The new shares and warrants issued, or to be issued, in connection with the private placements have not been and will not be registered under the U.S. Securities Act 1933, as amended (the "U.S. Securities Act") or with any securities regulatory authority of any state or other jurisdiction of the United States and may not be offered, sold, delivered or transferred, directly or indirectly, in or into the United States except pursuant to an exemption from, or in a transaction not subject to, the registration requirements of the U.S. Securities Act and in compliance with any applicable securities laws of any state or other jurisdiction of the United States. This press release does not constitute an offer of securities in the United States, securities may not be offered or sold in the United States absent registration or an exemption from registration under the U.S. Securities Act. The Company does not intend to register any portion of the private placements in the United States or to conduct a public offering of securities in the United States.  

This press release has been issued by and is the sole responsibility of the Company.  No representation or warranty, express or implied, is or will be made as to, or in relation to, and no responsibility or liability is or will be accepted by Oppenheimer and & Co., Inc. ("Oppenheimer") (apart from the responsibilities or liabilities that may be imposed by the regulatory regime established thereunder) or by any of its affiliates or agents as to, or in relation to, the accuracy or completeness of this press release or any other written or oral information made available to or publicly available to any interested party or its advisers, and any liability therefor is expressly disclaimed. 

Oppenheimer is acting as the sole placement agent for the Company and for no-one else in connection with the private placements, and Oppenheimer will not be responsible to anyone other than the Company for providing the protections afforded to its customers or for providing advice to any other person in relation to the private placements or any other matter referred to herein.

The distribution of this press release and the offering of the new shares and warrants in certain jurisdictions may be restricted by law. No action has been taken by the Company, Oppenheimer or any of their respective directors, officers, partners, agents, employees, affiliates and advisors that would permit an offering of such shares or possession or distribution of this press release or any other offering or publicity material relating to such shares in any jurisdiction where action for that purpose is required.

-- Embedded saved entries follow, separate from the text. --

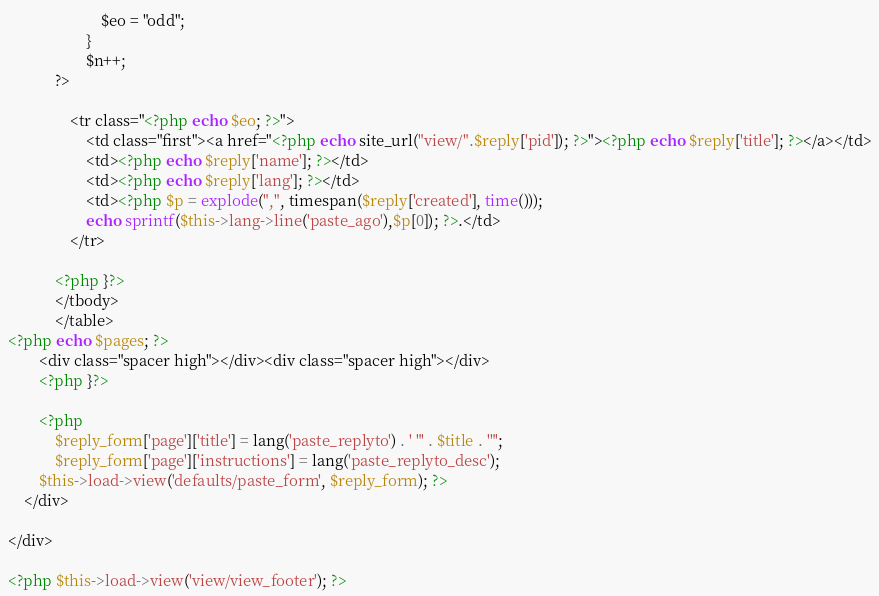Convert code to text. <code><loc_0><loc_0><loc_500><loc_500><_PHP_>						$eo = "odd";
					}
					$n++;
			?>
				
				<tr class="<?php echo $eo; ?>">
					<td class="first"><a href="<?php echo site_url("view/".$reply['pid']); ?>"><?php echo $reply['title']; ?></a></td>
					<td><?php echo $reply['name']; ?></td>
					<td><?php echo $reply['lang']; ?></td>
					<td><?php $p = explode(",", timespan($reply['created'], time()));
					echo sprintf($this->lang->line('paste_ago'),$p[0]); ?>.</td>
				</tr>
		
			<?php }?>
			</tbody>
			</table>
<?php echo $pages; ?>
		<div class="spacer high"></div><div class="spacer high"></div>
		<?php }?>
		
		<?php 
			$reply_form['page']['title'] = lang('paste_replyto') . ' "' . $title . '"';
			$reply_form['page']['instructions'] = lang('paste_replyto_desc');
		$this->load->view('defaults/paste_form', $reply_form); ?>
	</div>

</div>

<?php $this->load->view('view/view_footer'); ?>
</code> 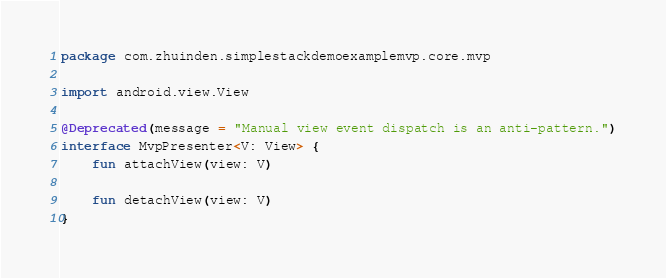Convert code to text. <code><loc_0><loc_0><loc_500><loc_500><_Kotlin_>package com.zhuinden.simplestackdemoexamplemvp.core.mvp

import android.view.View

@Deprecated(message = "Manual view event dispatch is an anti-pattern.")
interface MvpPresenter<V: View> {
    fun attachView(view: V)

    fun detachView(view: V)
}</code> 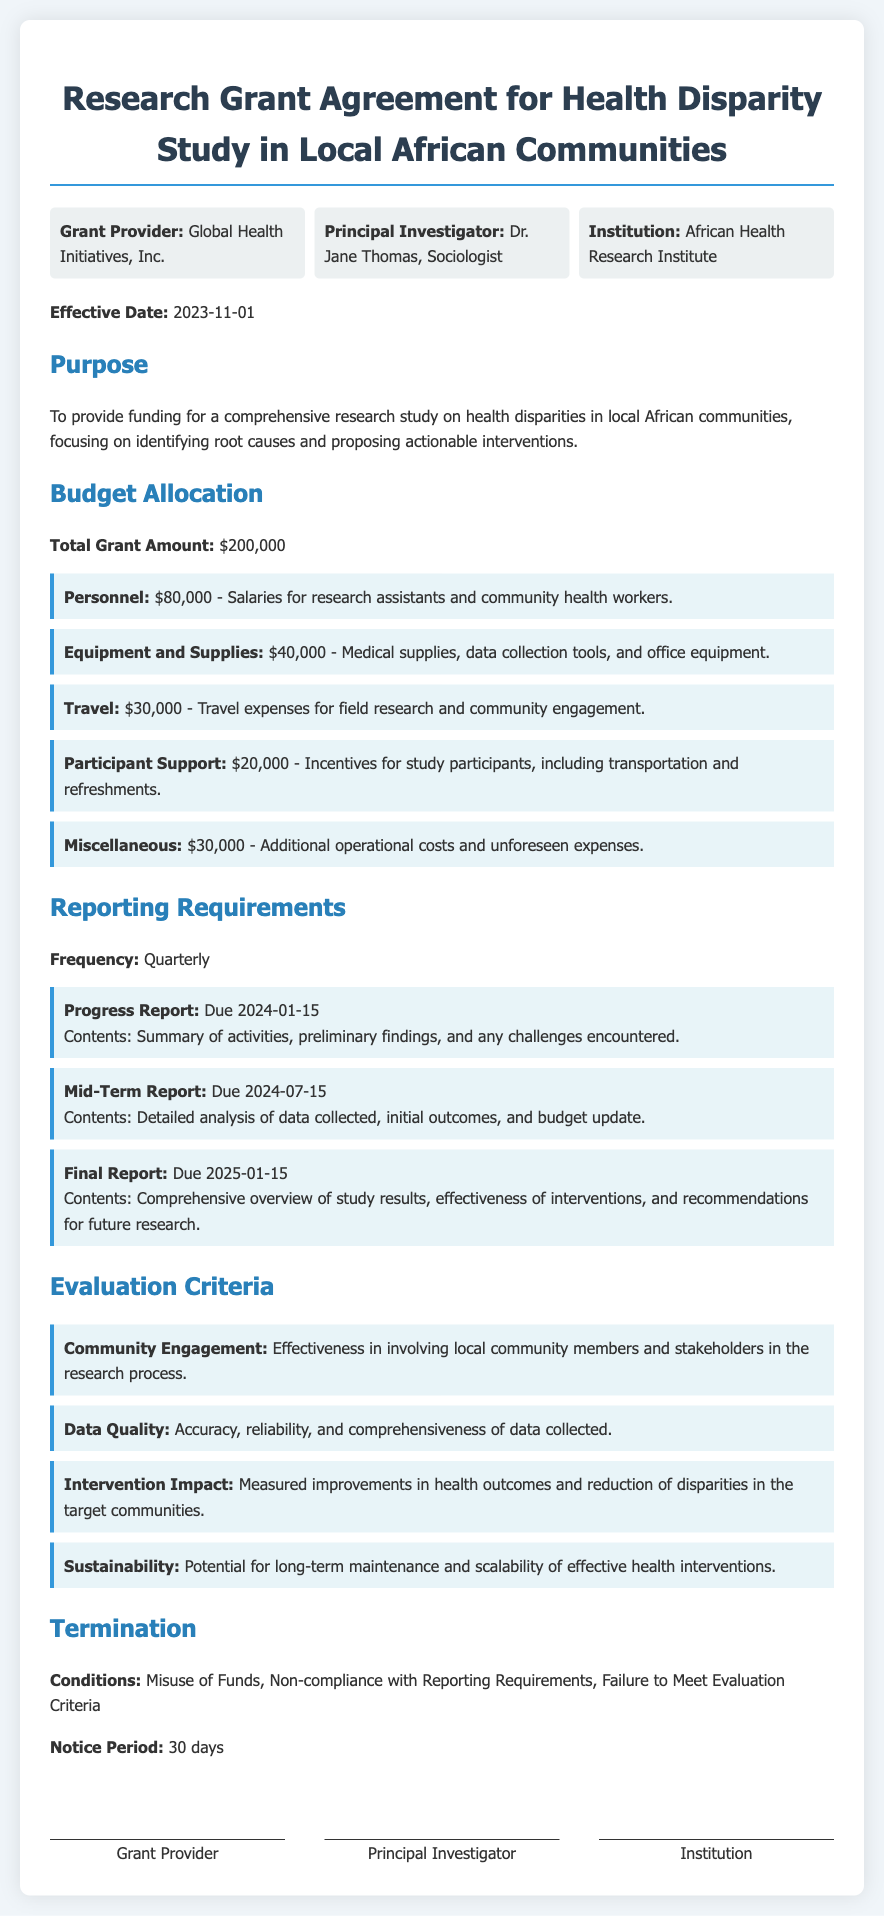What is the effective date of the agreement? The effective date is explicitly stated in the document as "2023-11-01."
Answer: 2023-11-01 Who is the Principal Investigator? The document identifies the Principal Investigator as "Dr. Jane Thomas, Sociologist."
Answer: Dr. Jane Thomas, Sociologist What is the total grant amount? The total grant amount is clearly outlined in the budget section as "$200,000."
Answer: $200,000 When is the Progress Report due? The due date for the Progress Report is listed as "2024-01-15."
Answer: 2024-01-15 What is one of the evaluation criteria? The document lists several evaluation criteria, one being "Community Engagement."
Answer: Community Engagement What is the budget allocation for Personnel? The budget allocation for Personnel is specified as "$80,000."
Answer: $80,000 What is the notice period for termination? The notice period for termination is defined as "30 days."
Answer: 30 days What are the conditions for termination? The conditions for termination are outlined, including "Misuse of Funds."
Answer: Misuse of Funds How frequently are reports required? The frequency of reports is stated as "Quarterly."
Answer: Quarterly 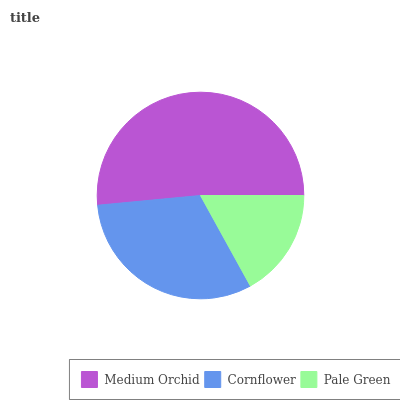Is Pale Green the minimum?
Answer yes or no. Yes. Is Medium Orchid the maximum?
Answer yes or no. Yes. Is Cornflower the minimum?
Answer yes or no. No. Is Cornflower the maximum?
Answer yes or no. No. Is Medium Orchid greater than Cornflower?
Answer yes or no. Yes. Is Cornflower less than Medium Orchid?
Answer yes or no. Yes. Is Cornflower greater than Medium Orchid?
Answer yes or no. No. Is Medium Orchid less than Cornflower?
Answer yes or no. No. Is Cornflower the high median?
Answer yes or no. Yes. Is Cornflower the low median?
Answer yes or no. Yes. Is Medium Orchid the high median?
Answer yes or no. No. Is Pale Green the low median?
Answer yes or no. No. 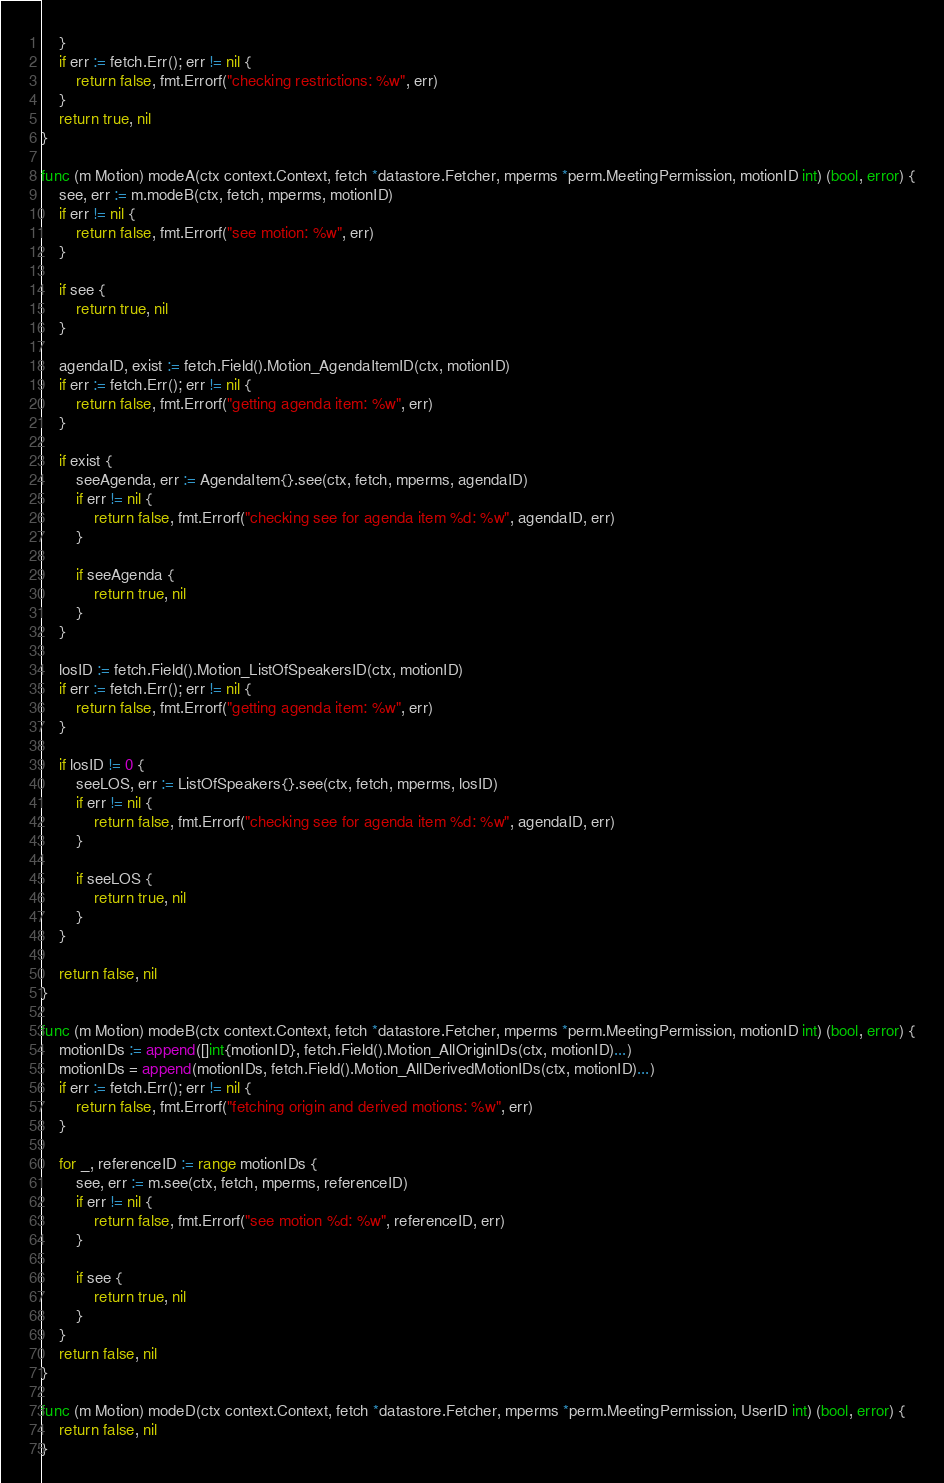Convert code to text. <code><loc_0><loc_0><loc_500><loc_500><_Go_>	}
	if err := fetch.Err(); err != nil {
		return false, fmt.Errorf("checking restrictions: %w", err)
	}
	return true, nil
}

func (m Motion) modeA(ctx context.Context, fetch *datastore.Fetcher, mperms *perm.MeetingPermission, motionID int) (bool, error) {
	see, err := m.modeB(ctx, fetch, mperms, motionID)
	if err != nil {
		return false, fmt.Errorf("see motion: %w", err)
	}

	if see {
		return true, nil
	}

	agendaID, exist := fetch.Field().Motion_AgendaItemID(ctx, motionID)
	if err := fetch.Err(); err != nil {
		return false, fmt.Errorf("getting agenda item: %w", err)
	}

	if exist {
		seeAgenda, err := AgendaItem{}.see(ctx, fetch, mperms, agendaID)
		if err != nil {
			return false, fmt.Errorf("checking see for agenda item %d: %w", agendaID, err)
		}

		if seeAgenda {
			return true, nil
		}
	}

	losID := fetch.Field().Motion_ListOfSpeakersID(ctx, motionID)
	if err := fetch.Err(); err != nil {
		return false, fmt.Errorf("getting agenda item: %w", err)
	}

	if losID != 0 {
		seeLOS, err := ListOfSpeakers{}.see(ctx, fetch, mperms, losID)
		if err != nil {
			return false, fmt.Errorf("checking see for agenda item %d: %w", agendaID, err)
		}

		if seeLOS {
			return true, nil
		}
	}

	return false, nil
}

func (m Motion) modeB(ctx context.Context, fetch *datastore.Fetcher, mperms *perm.MeetingPermission, motionID int) (bool, error) {
	motionIDs := append([]int{motionID}, fetch.Field().Motion_AllOriginIDs(ctx, motionID)...)
	motionIDs = append(motionIDs, fetch.Field().Motion_AllDerivedMotionIDs(ctx, motionID)...)
	if err := fetch.Err(); err != nil {
		return false, fmt.Errorf("fetching origin and derived motions: %w", err)
	}

	for _, referenceID := range motionIDs {
		see, err := m.see(ctx, fetch, mperms, referenceID)
		if err != nil {
			return false, fmt.Errorf("see motion %d: %w", referenceID, err)
		}

		if see {
			return true, nil
		}
	}
	return false, nil
}

func (m Motion) modeD(ctx context.Context, fetch *datastore.Fetcher, mperms *perm.MeetingPermission, UserID int) (bool, error) {
	return false, nil
}
</code>

Persons into whose possession this press release comes are required to inform themselves about, and to observe such restrictions.

The press release does not constitute a recommendation concerning any investor's options with respect to the private placements. The new shares and warrants to which this press release relates may be illiquid and / or subject to restrictions on their resale. Recipient of this press release should conduct their own investigation, evaluation and analysis of the business, data and property described in the press release. The pricing and value of securities can go down as well as up. Past performance is not a guide to future performance. The contents of this press release are not to be construed as financial, legal, business or tax advice. If you do not understand the contents of this press release you should consult an authorised financial adviser, legal adviser, business adviser or tax adviser for financial, legal, business or tax advice.